Gerade im Vergleich mit Louis Andriessen wird diese Eigenart deutlich. Louis Andriessen zielte auf ästhetische Radikalität, Ensembleklang, politische Energie und strukturelle Härte. Jurriaan Andriessen dagegen war ein musikalischer Erzähler, Gestalter, Szeniker und Medienpraktiker. Seine Kunst wirkt dort am stärksten, wo Musik eine Funktion erfüllen muss, ohne bloß funktional zu werden: im Theater, in Filmen von Fons Rademakers, in der Fernsehoper, in Balletten, in Blasorchesterwerken, in Festmusiken und in Werken wie Time Spirit, die Musik, Bild, Bühne, Tanz und neue Klangtechnik miteinander verbinden.
Ein weiteres kulturgeschichtliches Feld ist die niederländische Blasmusik. Das Blasorchester, die Harmonie- und Fanfaretradition besitzen in den Niederlanden eine starke soziale und regionale Verwurzelung. Andriessen nahm diese Gattung ernst. Werke wie Symphony No. 2 für Blasorchester, Rococo Concerto, Sinfonia Il Fiume, Dynamic Overture, Overture for an Imaginary Play oder Entrata della Regina zeigen, dass Blasorchester bei ihm nicht nur Gebrauchsmusik für feierliche Anlässe ist, sondern ein eigenständiger Klangkörper mit theatraler und farblicher Potenz.
Schließlich gehört Andriessen zur Geschichte der musikalischen Öffentlichkeit im Zeitalter der Massenmedien. Seine Musik zu De Fabeltjeskrant, seine Filmmusik zu De Aanslag, seine Fernseh- und Bühnenarbeiten und seine elektronischen Experimente zeigen, dass er die Verschiebung der Musik aus dem Konzertsaal in das audiovisuelle Medium nicht nur begleitete, sondern produktiv gestaltete. Gerade deshalb ist er für ein Kulturlexikon wichtig: Er steht für den Komponisten als medienübergreifenden Kulturarbeiter.

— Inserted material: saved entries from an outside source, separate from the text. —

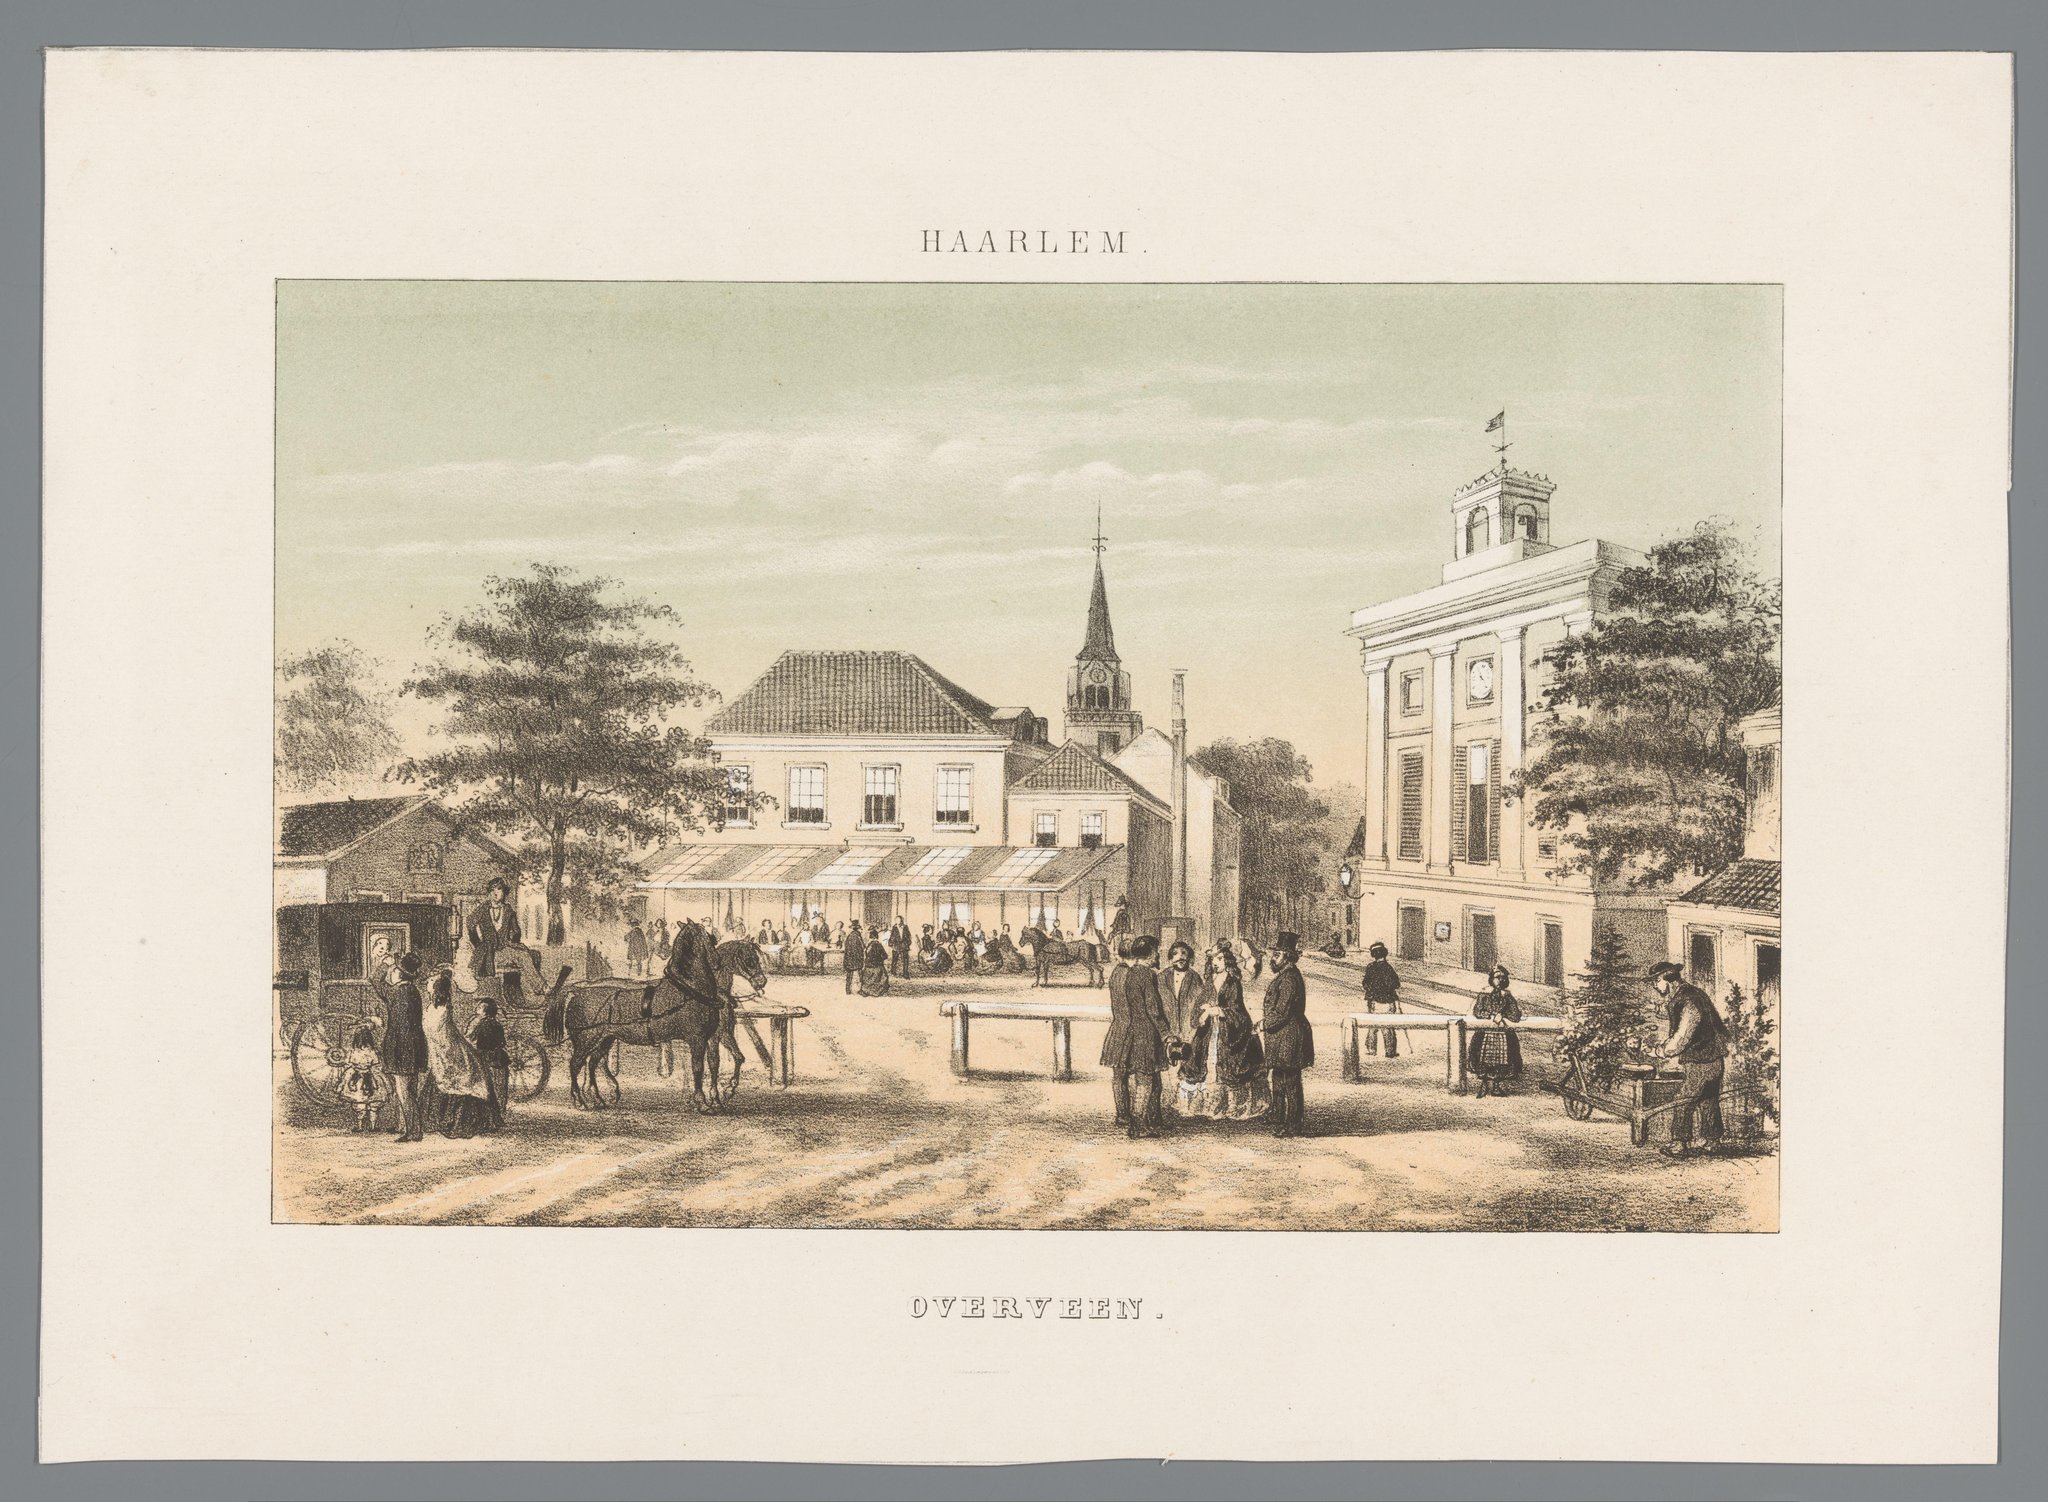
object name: print
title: Haarlem
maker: Anonymous
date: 1850-1900
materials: paper
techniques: iris print, lithograph
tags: church (exterior), village square, place (+ city(-scape) with figures, staffage)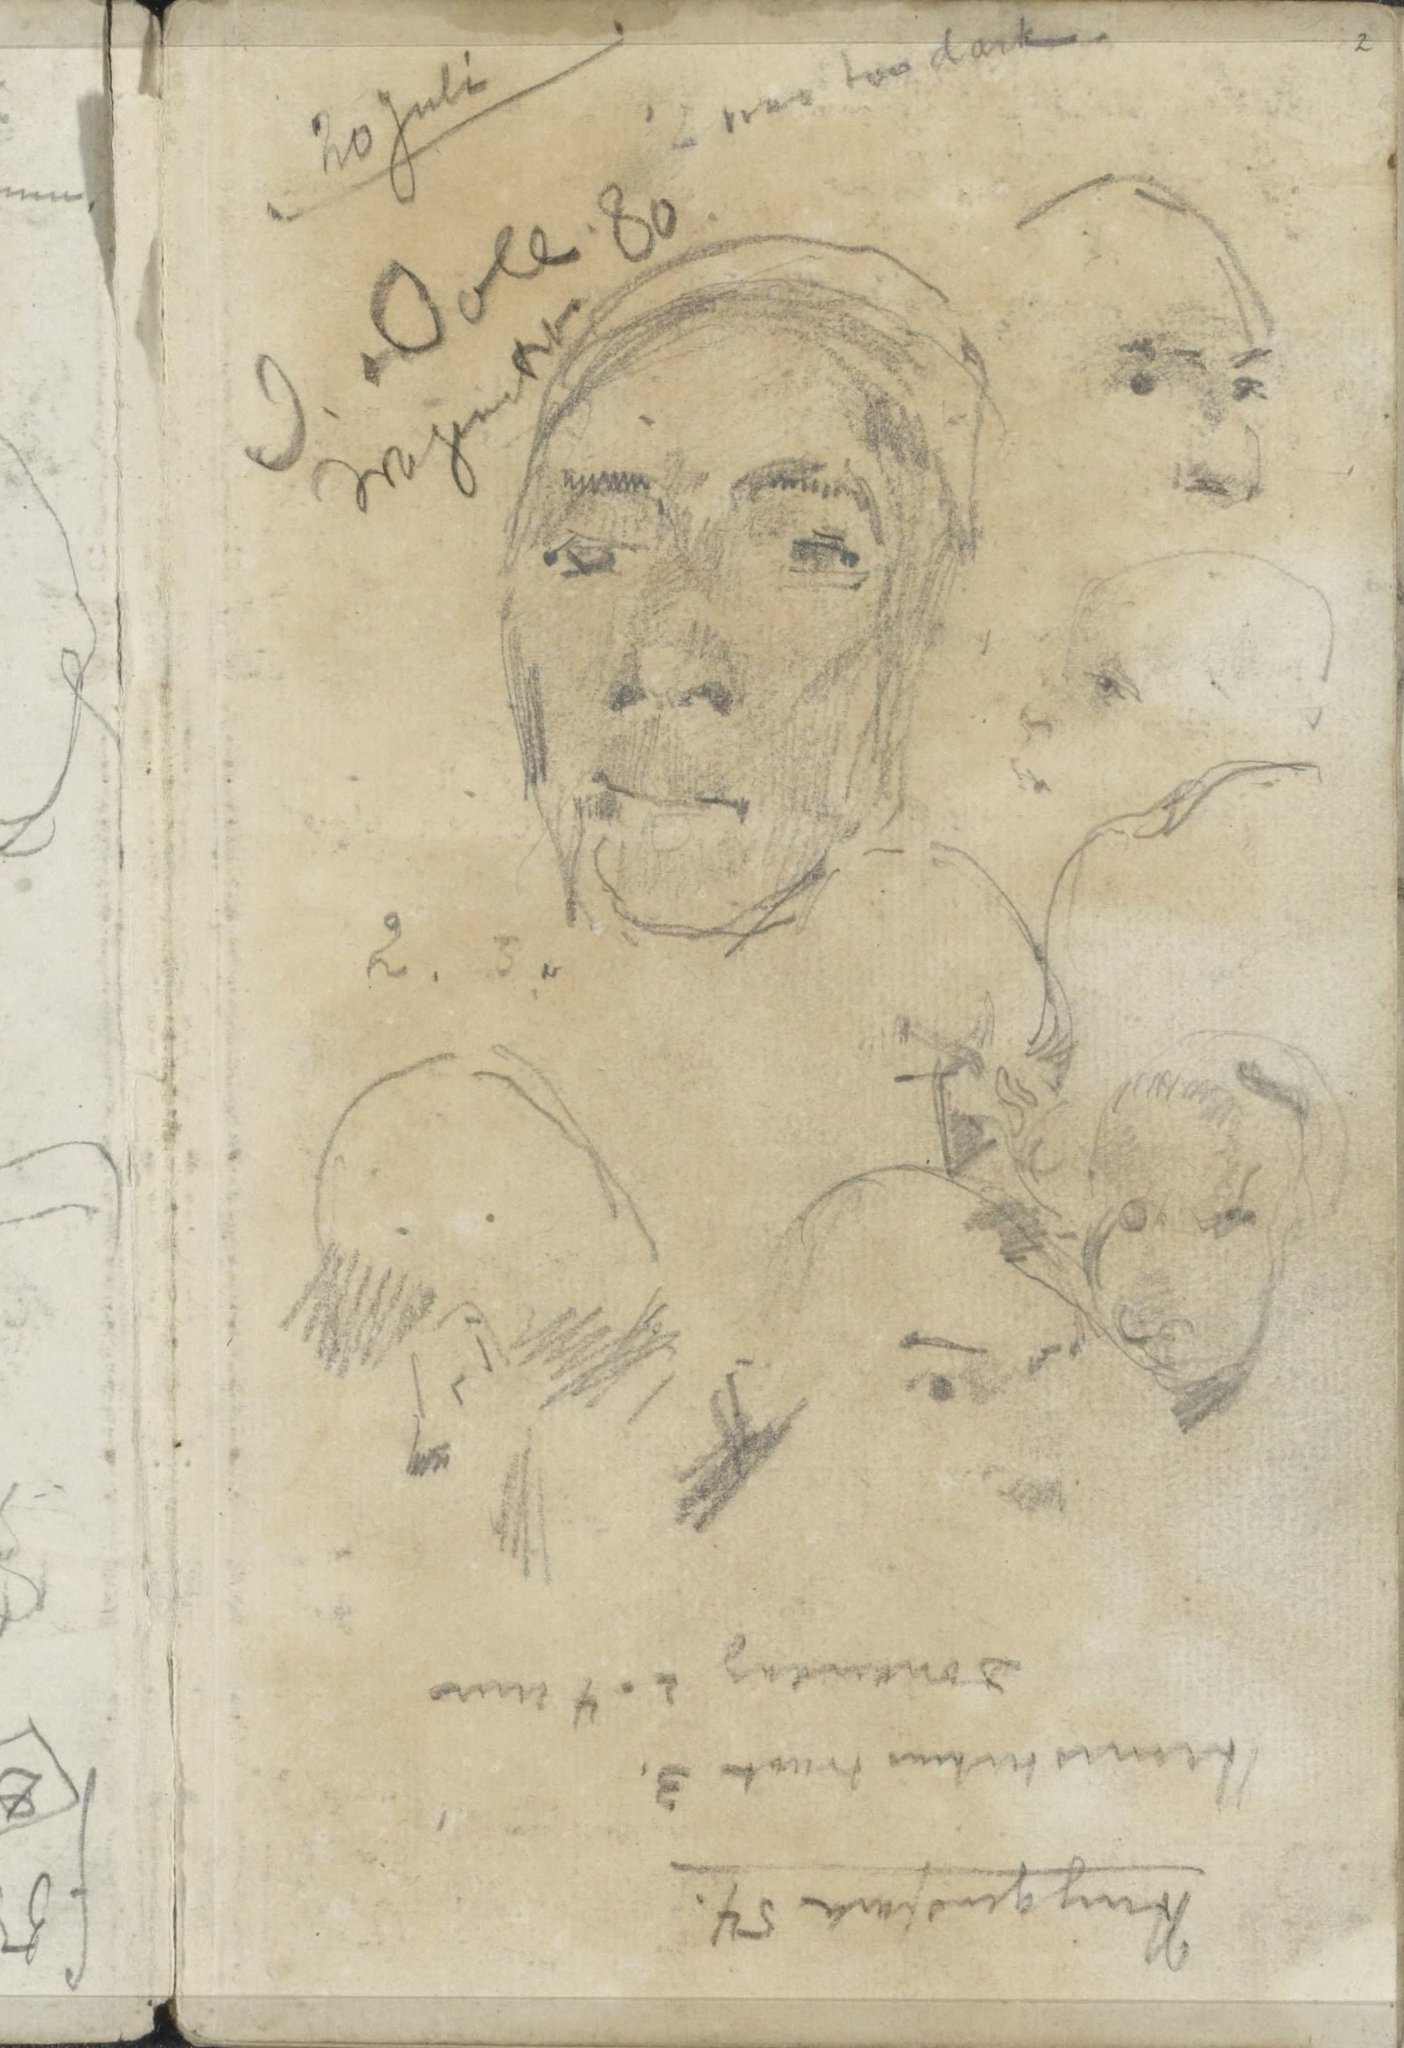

Stil, Ästhetik und kompositorische Haltung
Jurriaan Andriessens kompositorische Haltung ist durch Eklektizismus, handwerkliche Sicherheit und szenische Anpassungsfähigkeit geprägt. Der Begriff Eklektizismus ist hier nicht abwertend zu verstehen. Andriessen konnte unterschiedliche Idiome aufnehmen, weil seine Arbeitsfelder es verlangten. Theatermusik braucht psychologische Zuspitzung, Filmmusik braucht Timing und Atmosphäre, Staatsmusik braucht Erkennbarkeit und festlichen Zugriff, Blasorchester braucht klangliche Direktheit, Kammermusik braucht Präzision, und audiovisuelle Experimente brauchen ein Gespür für Wechselwirkungen zwischen Bild, Bewegung und Klang.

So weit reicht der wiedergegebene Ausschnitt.